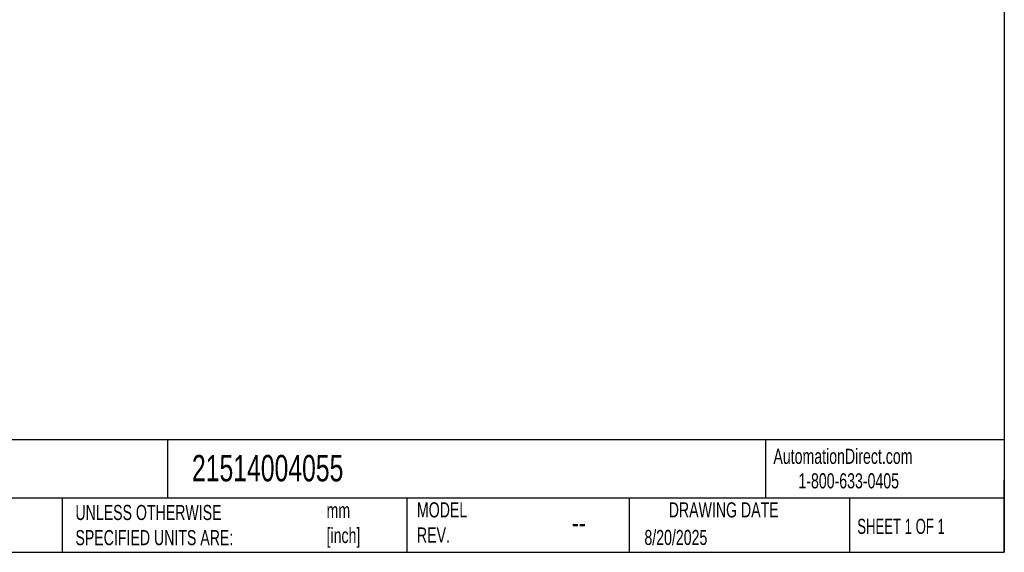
# Model space of a CAD drawing. Header units: millimetres. Extents: x 25 to 1092, y 25 to 838.
# Tile 13 of 18: x 540 to 1092, y 25 to 324. Entities that reach past the tile are written whole.
import ezdxf

# ---------------------------------------------------------------- set-up
doc = ezdxf.new("R2010")
doc.units = ezdxf.units.MM
doc.header["$LTSCALE"] = 4
doc.linetypes.add('SLD-Solid', pattern=[0])
doc.layers.add('TEXT', color=140, linetype='SLD-Solid', lineweight=25)
doc.styles.add('SLDTEXTSTYLE0', font='TXT', dxfattribs={"width": 0.7})
doc.styles.add('SLDTEXTSTYLE1', font='TXT', dxfattribs={"width": 0.65})

msp = doc.modelspace()

# ---------------------------------------------------------------- linework, layer by layer
at = {"layer": 'TEXT'}
for p, q in [((1092.2, 838.2), (1092.2, 25.4)), ((1092.2, 88.5), (25.4, 88.5)), ((623.04, 88.5), (623.04, 55.88)), ((958.3, 88.5), (958.3, 55.88)), ((1092.2, 25.4), (1092.2, 66.04)), ((1092.2, 55.88), (25.4, 55.88)), ((563.99, 55.88), (563.99, 25.4)), ((757.2, 55.88), (757.2, 25.4)), ((881.86, 55.88), (881.86, 25.4)), ((1005.39, 55.88), (1005.39, 25.4)), ((25.4, 25.4), (1092.2, 25.4))]:
    msp.add_line(p, q, dxfattribs=at)

# ---------------------------------------------------------------- texts
for s, insert, char_height, attachment_point, style in [('AutomationDirect.com', (962.78, 83.51), 8.4667, 1, 'SLDTEXTSTYLE0'), ('21514004055', (636.83, 80.03), 14.8167, 1, 'SLDTEXTSTYLE0'), ('1-800-633-0405', (976.77, 69.75), 8.4667, 1, 'SLDTEXTSTYLE0'), ('UNLESS OTHERWISE ^JSPECIFIED UNITS ARE:', (571.48, 51.99), 8.4667, 1, 'SLDTEXTSTYLE0'), ('mm^J[inch]', (712.26, 53.19), 8.467, 1, 'SLDTEXTSTYLE0'), ('MODEL ^JREV.', (762.93, 53.46), 8.4667, 1, 'SLDTEXTSTYLE0'), ('DRAWING DATE', (934.9, 53.46), 8.4667, 2, 'SLDTEXTSTYLE0'), ('SHEET 1 OF 1', (1009.77, 44.21), 8.4667, 1, 'SLDTEXTSTYLE1'), ('--', (849.71, 48.46), 12.7, 1, 'SLDTEXTSTYLE0'), ('8/20/2025', (890.45, 37.99), 8.467, 1, 'SLDTEXTSTYLE0')]:
    msp.add_mtext(s, dxfattribs=dict(at, insert=insert, char_height=char_height, attachment_point=attachment_point, style=style))

doc.saveas('drawing.dxf')
########
▸ **THE PROBLEM**
What is needed is each line of the entries that contains the word "font".

▸ **TASK SOLUTION**
doc.styles.add('SLDTEXTSTYLE0', font='TXT', dxfattribs={"width": 0.7})
doc.styles.add('SLDTEXTSTYLE1', font='TXT', dxfattribs={"width": 0.65})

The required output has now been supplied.